I request you to give me detailed solutions for the two!!!

Thank you in advance!!!

Attachment 19155
• October 2nd 2010, 02:00 AM
Educated
Why do you want us to give you detailed solutions to them? Have you attempted them yourself? Can you show us some of your working?

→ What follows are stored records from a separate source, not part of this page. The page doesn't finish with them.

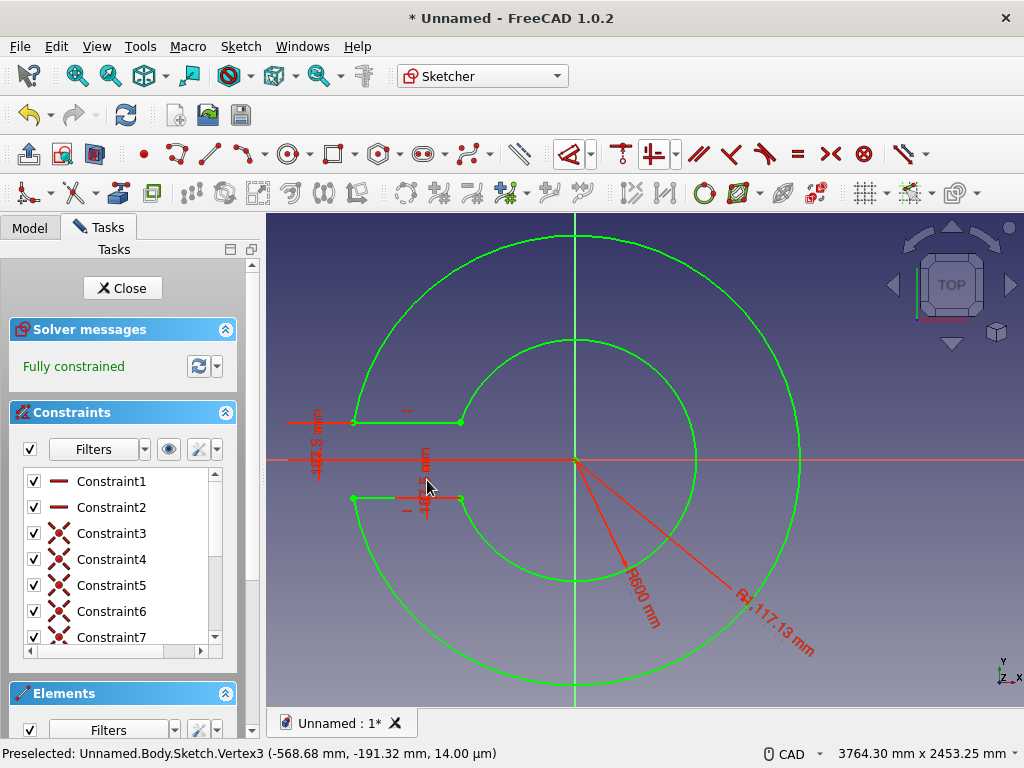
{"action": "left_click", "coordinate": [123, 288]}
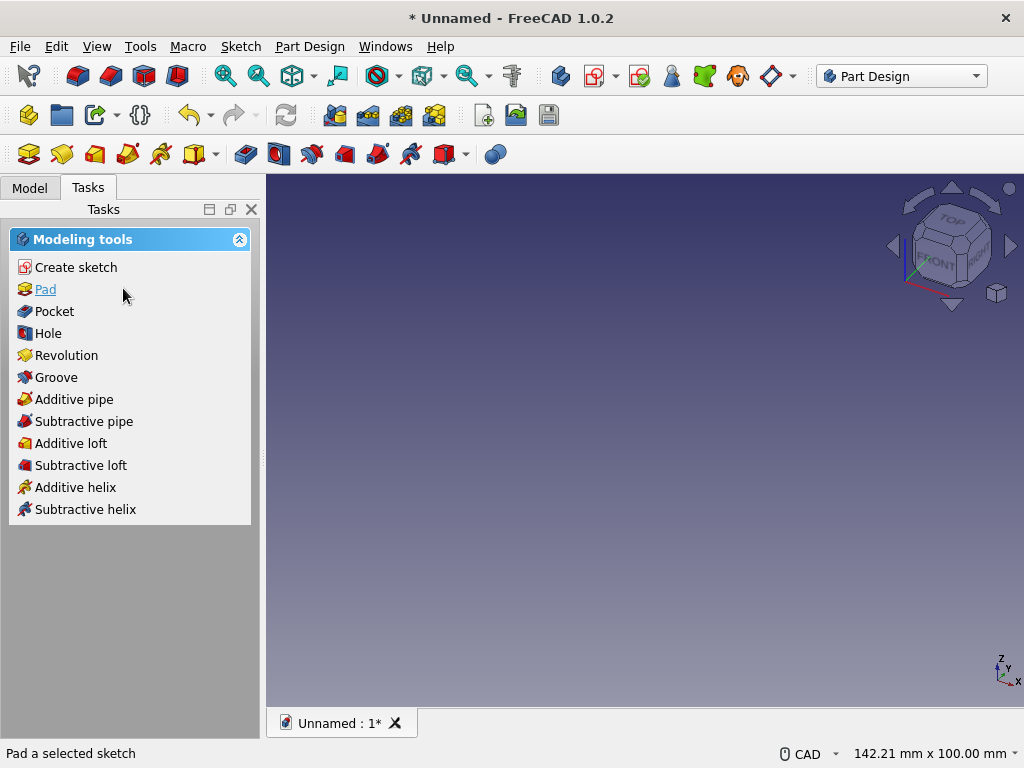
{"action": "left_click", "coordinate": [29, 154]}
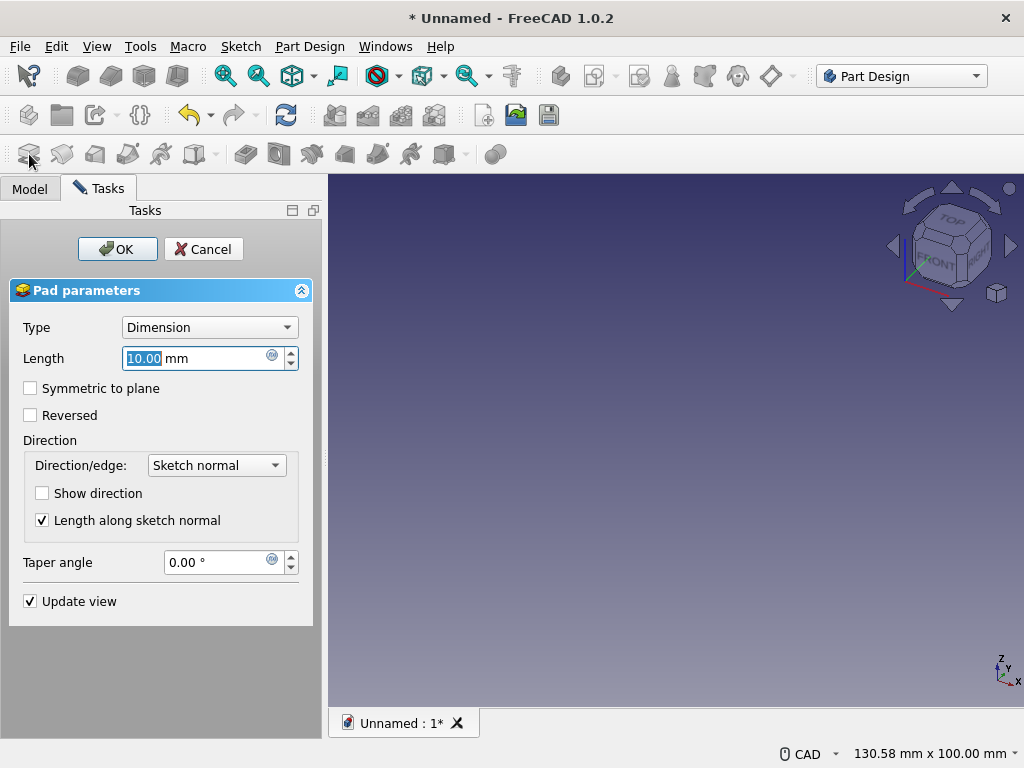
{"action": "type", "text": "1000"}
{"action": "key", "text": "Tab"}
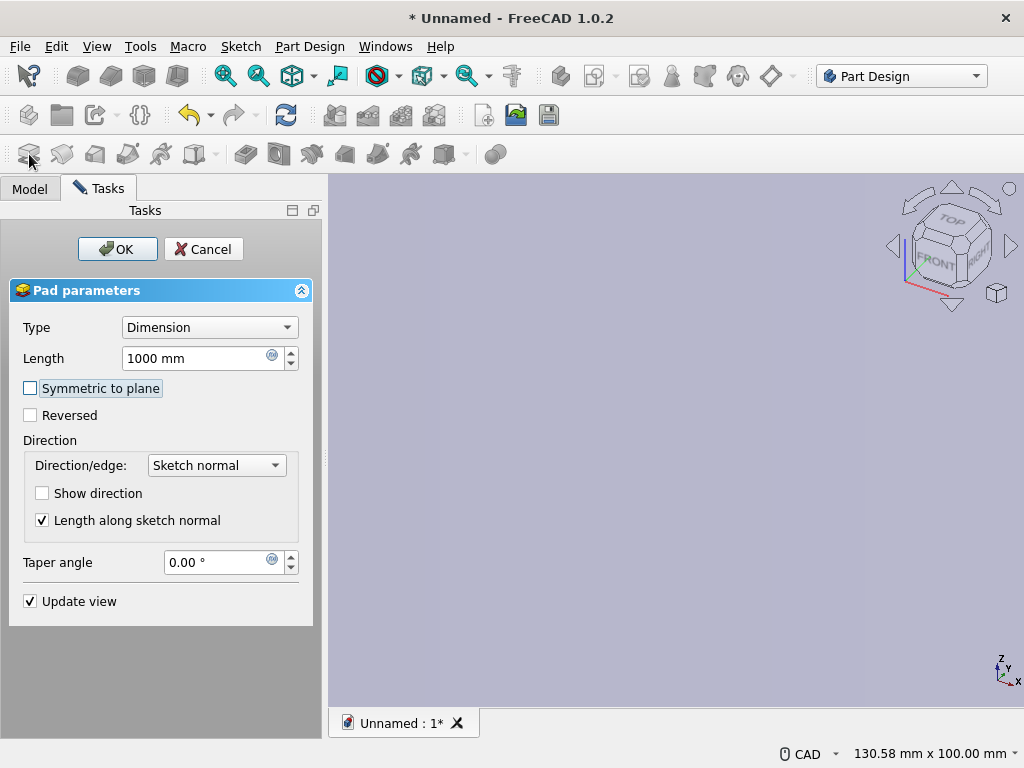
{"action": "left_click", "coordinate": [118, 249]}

If you want to learn how to solve them or you are stuck at solving them, that's fine, we'll help you. We'll help you in understanding it or get past whatever you are stuck on.
But we cannot just give you full detailed solutions for whatever other reason you might have, and that includes homework.
• October 2nd 2010, 06:19 AM
Soroban
Hello, lutesium!

Quote:

$\displaystyle \text{Evaluate: }\;S \;=\;\sum^n_{k=1}\ln\left(1 + \frac{1}{k}\right)$

$\displaystyle S \;=\;\ln\left(1 + \frac{1}{1}\right) + \ln\left(1 + \frac{1}{2}\right) + \ln\left(1 + \frac{1}{3}\right) + \ln\left(1 + \frac{1}{4}\right) + \hdots + \ln\left(1 + \frac{1}{n}\right)$

. . $\displaystyle =\;\ln(2) + \ln\left(\frac{3}{2}\right) + \ln\left(\frac{4}{3}\right) + \ln\left(\frac{5}{4}\right) + \hdots + \ln\left(\frac{n+1}{n}\right)$

. . $\displaystyle =\;\ln\left(2\cdot\frac{3}{2}\cdot\frac{4}{3}\cdot \frac{5}{4}\:\cdots\;\frac{n+1}{n}\right)$

. . $\displaystyle =\;\ln\left(\frac{\rlap{/}2}{1}\cdot\frac{\rlap{/}3}{\rlap{/}2}\cdot\frac{\rlap{/}4}{\rlap{/}3}\cdot\frac{\rlap{/}5}{\rlap{/}4}\:\cdots\;\frac{n+1}{\rlap{/}n}\right)$

. . $=\;\ln(n+1)$
• October 2nd 2010, 09:09 AM
Prove It
$e^{-x} + 1 = 0$

$e^{-x} = -1$

$-x = \log{(-1)}$

$-x = \ln{|-1|} + i\arg{(-1)}$

$-x = \ln{1} + i\pi$

$-x = 0 + i\pi$

$-x = i\pi$

$x = -i\pi$.
• October 2nd 2010, 09:20 AM
lutesium
Thanks
Thank you very much for your detailed answers!!!

Thanks again!!!